The Cronkite School also recognized the first-place winners of 2020–21 Shaufler Prize in Journalism: Toluse Olorunnipa and Griff Witte of The Washington Post.

Roker reminisced on the start of his television news career, which began in 1974 when he worked as a weathercaster in Syracuse, New York, while he was still a sophomore at the State University of New York at Oswego.

After graduating from SUNY Oswego, he moved to Washington, D.C., where he met “Today” show weathercaster Willard Scott, whom he described as the man who would have “the most profound influence” on his career.

“He told me to always be yourself.

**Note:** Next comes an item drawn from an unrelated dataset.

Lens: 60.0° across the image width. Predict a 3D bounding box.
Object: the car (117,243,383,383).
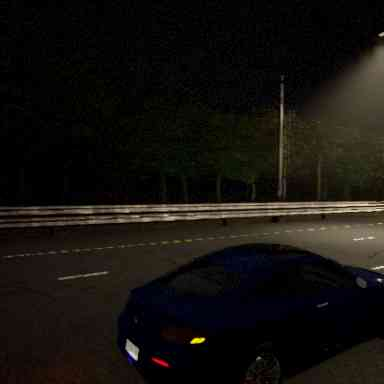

No matter what anyone does or says, nobody can take that from you. And no matter how successful you are at other jobs, never forget your day job,” he said.

He was the first Black weathercaster in each of the cities where he worked until he moved to New York City in 1983, he said.

Roker described his experiences with racism, including a time when a local news anchor made a racist comment to him after the anchor was accosted by a homeless person. 

“As you climb the ladder, you run into obstacles. Like racism. Some overt, some subtle — some so crazy, you almost have to laugh,” he said.

Roker praised Black television pioneers such as Bob Teague, Bill McCreary, Carol Jenkins and Melba Tolliver, as well as some current network executives of color including Cesar Conde, chairman of NBCUniversal News Group; Kim Godwin, president of ABC News; and Rashida Jones, president of MSNBC. He emphasized the need for more diverse leadership in journalism.

“Those decisions are made in the front offices, and the only way change gets made is when there is change in those very front offices,” he said. 

Roker ended his speech by describing the evolution of journalism and weathercasting, and how increased technology has challenged journalists to adapt to the changing needs of the audience. 

He called on reporters to be “truth tellers” while borrowing a famous line that Cronkite used on his newscasts.

“The challenges are there. Are we up to those challenges? I say we are. We have to be,” he said. “Because, ladies and gentleman, that’s the way it is.”

All of the funds raised from the luncheon support the Cronkite Award for Excellence in Journalism fund, which supports future generations of journalism and media professionals.